Embora o exame de PSA (antígeno prostático específico) e o exame de toque retal sejam métodos iniciais para avaliar a saúde da próstata, a biópsia é necessária quando há suspeita de anormalidades. A precisão desse procedimento é vital para garantir que qualquer presença de câncer seja detectada em estágios iniciais, aumentando as chances de tratamento bem-sucedido e cura.
Quando é indicada a biópsia de próstata?
A biópsia de próstata é indicada quando existe suspeita de câncer de próstata, geralmente identificada por alterações no PSA, no toque retal ou na ressonância magnética multiparamétrica da próstata (RNM-mp). Homens com PSA elevado, aumento progressivo dos níveis de PSA ao longo do tempo, densidade de PSA aumentada ou lesões suspeitas na ressonância costumam apresentar indicação formal para investigação histológica.
Uma das principais razões para a realização da biópsia é a elevação do PSA. Trata-se de uma proteína produzida pela próstata e encontrada na corrente sanguínea. Embora níveis elevados possam estar relacionados a condições benignas, como hiperplasia prostática benigna ou prostatite, também podem indicar a presença de câncer de próstata, tornando necessária uma avaliação mais aprofundada.
Outra indicação importante é a presença de alterações ao toque retal. Durante o exame, o urologista pode identificar nódulos, áreas endurecidas, irregularidades ou assimetrias na glândula prostática. Esses achados aumentam a suspeita de câncer e frequentemente justificam a realização da biópsia, mesmo em pacientes com PSA dentro da faixa considerada normal.
A ressonância magnética multiparamétrica da próstata (RNM-mp) tornou-se um dos exames mais importantes na investigação do câncer de próstata. Seus achados são classificados pelo sistema PI-RADS, que varia de 1 a 5 e estima a probabilidade de um câncer clinicamente significativo estar presente. Lesões PI-RADS 1 e 2 apresentam baixa probabilidade de malignidade e geralmente não necessitam de biópsia. Já as lesões PI-RADS 4 e 5 possuem alta suspeita de câncer e apresentam indicação formal para biópsia. As lesões PI-RADS 3 são consideradas indeterminadas e devem ser avaliadas em conjunto com outros fatores, como PSA, densidade do PSA, idade, histórico familiar e resultados de exames prévios.
A indicação da biópsia de próstata deve ser individualizada para cada paciente, levando em consideração fatores como idade, histórico clínico, histórico familiar de câncer de próstata, níveis de PSA, achados da ressonância magnética multiparamétrica e resultado do toque retal. A decisão não é baseada em um único exame isoladamente, mas na avaliação conjunta de todas as informações disponíveis pelo urologista.

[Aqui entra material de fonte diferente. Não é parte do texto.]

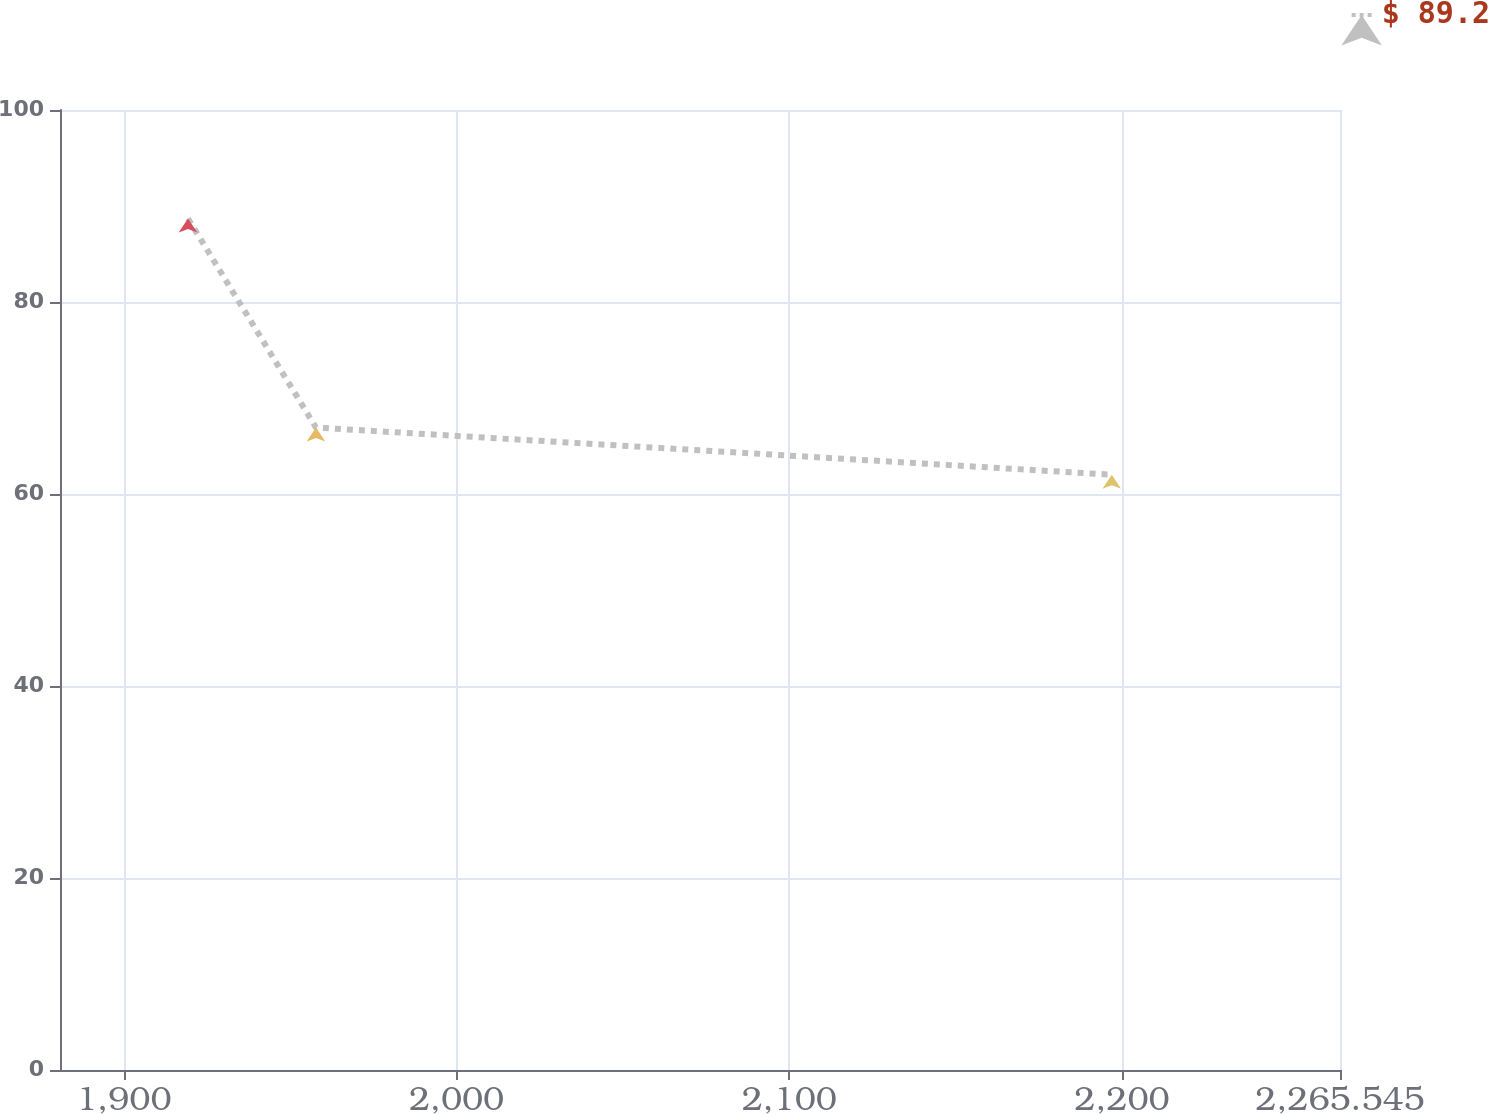<chart> <loc_0><loc_0><loc_500><loc_500><line_chart><ecel><fcel>$ 89.2<nl><fcel>1919.27<fcel>88.69<nl><fcel>1957.74<fcel>66.92<nl><fcel>2196.95<fcel>62.01<nl><fcel>2304.02<fcel>39.61<nl></chart> 
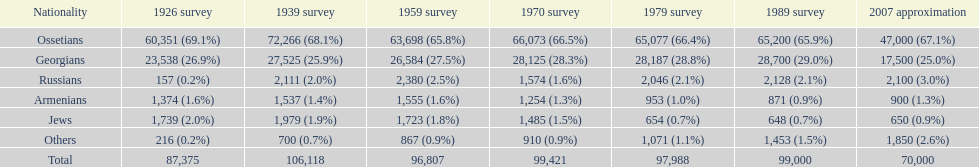How many ethnicities were below 1,000 people in 2007? 2.

É importante destacar que um exame normal não exclui completamente a necessidade de biópsia. Um paciente pode apresentar PSA dentro da normalidade e ter alterações suspeitas ao toque retal ou na ressonância magnética. Da mesma forma, uma ressonância sem lesões suspeitas não descarta totalmente a presença de câncer de próstata quando existem alterações significativas no PSA ou no exame físico.
Por esse motivo, a indicação da biópsia é realizada após uma análise integrada dos principais métodos diagnósticos — PSA, toque retal e ressonância magnética multiparamétrica da próstata. De modo geral, a presença de alteração em pelo menos um desses parâmetros pode justificar uma investigação mais aprofundada por meio da biópsia, especialmente quando associada a fatores de risco individuais.
Atualmente, a combinação entre PSA, toque retal, ressonância magnética multiparamétrica e biópsia transperineal guiada por fusão de imagens permite um diagnóstico mais preciso, aumentando a detecção de tumores clinicamente significativos e reduzindo biópsias desnecessárias.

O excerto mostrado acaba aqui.